**ABOUT THIS EXERCISE:**
Should a picture appear anywhere in the data, omit it and copy everything else exactly.

**SUPPLIED RECORDS:**
• • •

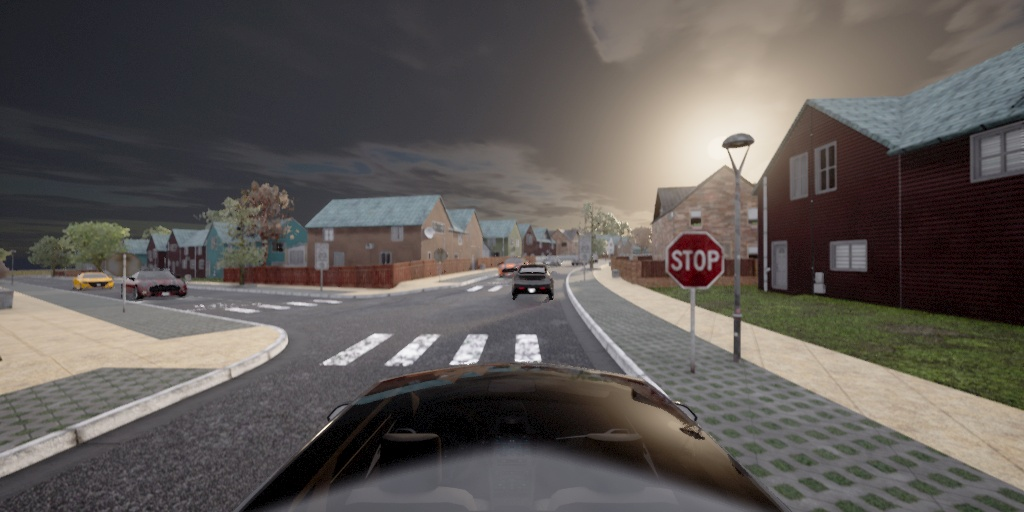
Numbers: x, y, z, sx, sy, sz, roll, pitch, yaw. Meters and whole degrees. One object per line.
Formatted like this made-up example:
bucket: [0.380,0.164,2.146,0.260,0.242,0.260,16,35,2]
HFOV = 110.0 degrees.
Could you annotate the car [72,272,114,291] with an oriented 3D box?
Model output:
car: [-36.489,2.172,31.209,5.008,1.535,1.882,-2,-1,33]

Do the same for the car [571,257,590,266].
car: [10.856,0.824,57.383,2.033,1.411,5.357,0,1,22]

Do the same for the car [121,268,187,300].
car: [-21.355,1.605,21.395,4.553,1.767,2.097,-2,-1,33]

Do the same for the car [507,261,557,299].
car: [1.074,1.152,17.391,1.837,1.490,4.892,0,0,6]

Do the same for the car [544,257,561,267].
car: [5.757,0.845,51.810,2.128,1.511,4.902,0,1,20]

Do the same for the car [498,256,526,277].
car: [0.226,0.899,31.162,2.097,1.767,4.553,0,0,11]
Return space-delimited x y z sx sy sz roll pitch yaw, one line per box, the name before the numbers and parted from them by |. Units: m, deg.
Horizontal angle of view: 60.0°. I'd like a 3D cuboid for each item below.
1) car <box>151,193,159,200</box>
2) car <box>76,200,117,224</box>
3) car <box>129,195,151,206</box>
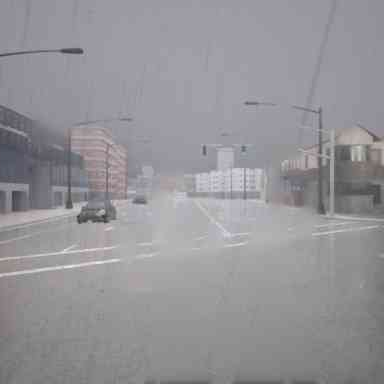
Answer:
car | -8.435 0.952 74.363 2.097 1.767 4.553 0 -1 -2
car | -7.050 1.409 24.976 2.097 1.767 4.553 0 0 -2
car | -7.749 1.271 49.958 1.994 1.385 4.181 0 1 -2
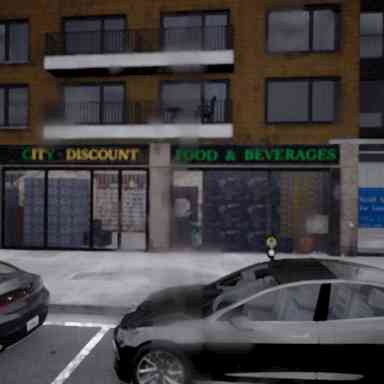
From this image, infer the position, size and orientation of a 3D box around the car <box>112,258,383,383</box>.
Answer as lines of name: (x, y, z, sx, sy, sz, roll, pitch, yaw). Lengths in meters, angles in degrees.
car: (1.210, 1.569, 4.180, 4.313, 1.339, 1.947, 0, 1, 6)

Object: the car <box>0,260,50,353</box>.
car: (-4.345, 1.556, 4.770, 4.403, 1.369, 2.008, 0, 1, 6)
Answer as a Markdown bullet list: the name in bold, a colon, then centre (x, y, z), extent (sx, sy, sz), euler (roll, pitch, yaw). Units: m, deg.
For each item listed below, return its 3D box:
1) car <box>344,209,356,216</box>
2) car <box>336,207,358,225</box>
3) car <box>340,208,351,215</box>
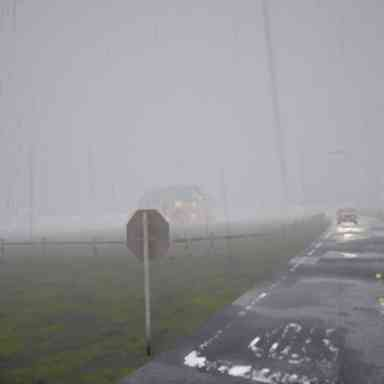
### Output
- **car**: centre (36.467, 4.642, 76.775), extent (1.882, 1.535, 5.008), euler (-4, -4, 19)
- **car**: centre (18.816, 2.877, 40.356), extent (2.150, 2.045, 5.566), euler (-4, -4, 24)
- **car**: centre (39.905, 5.067, 86.645), extent (2.128, 1.511, 4.902), euler (-3, -4, 18)

• • •

**FINAL ANSWER:**
Numbers: x, y, z, sx, sy, sz, roll, pitch, yaw. Meters and whole degrees. One object per line.
Formatted like this made-up example:
bucket: [0.380,0.164,2.146,0.260,0.242,0.260,16,35,2]
HFOV = 110.0 degrees.
Could you annotate the car [72,272,114,291] with an oriented 3D box?
Model output:
car: [-36.489,2.172,31.209,5.008,1.535,1.882,-2,-1,33]

Do the same for the car [571,257,590,266].
car: [10.856,0.824,57.383,2.033,1.411,5.357,0,1,22]

Do the same for the car [121,268,187,300].
car: [-21.355,1.605,21.395,4.553,1.767,2.097,-2,-1,33]

Do the same for the car [507,261,557,299].
car: [1.074,1.152,17.391,1.837,1.490,4.892,0,0,6]

Do the same for the car [544,257,561,267].
car: [5.757,0.845,51.810,2.128,1.511,4.902,0,1,20]

Do the same for the car [498,256,526,277].
car: [0.226,0.899,31.162,2.097,1.767,4.553,0,0,11]
Return space-delimited x y z sx sy sz roll pitch yaw, one line per box, the name before the numbers and parted from them by |. Units: m, deg.
Horizontal angle of view: 60.0°. I'd like a 3D cuboid for each item below.
1) car <box>151,193,159,200</box>
2) car <box>76,200,117,224</box>
3) car <box>129,195,151,206</box>
Answer:
car | -8.435 0.952 74.363 2.097 1.767 4.553 0 -1 -2
car | -7.050 1.409 24.976 2.097 1.767 4.553 0 0 -2
car | -7.749 1.271 49.958 1.994 1.385 4.181 0 1 -2
From this image, infer the position, size and orientation of a 3D box around the car <box>112,258,383,383</box>.
Answer as lines of name: (x, y, z, sx, sy, sz, roll, pitch, yaw). Lengths in meters, angles in degrees.
car: (1.210, 1.569, 4.180, 4.313, 1.339, 1.947, 0, 1, 6)

Object: the car <box>0,260,50,353</box>.
car: (-4.345, 1.556, 4.770, 4.403, 1.369, 2.008, 0, 1, 6)
Answer as a Markdown bullet list: the name in bold, a colon, then centre (x, y, z), extent (sx, sy, sz), euler (roll, pitch, yaw). Units: m, deg.
For each item listed below, return its 3D box:
1) car <box>344,209,356,216</box>
2) car <box>336,207,358,225</box>
3) car <box>340,208,351,215</box>
### Output
- **car**: centre (36.467, 4.642, 76.775), extent (1.882, 1.535, 5.008), euler (-4, -4, 19)
- **car**: centre (18.816, 2.877, 40.356), extent (2.150, 2.045, 5.566), euler (-4, -4, 24)
- **car**: centre (39.905, 5.067, 86.645), extent (2.128, 1.511, 4.902), euler (-3, -4, 18)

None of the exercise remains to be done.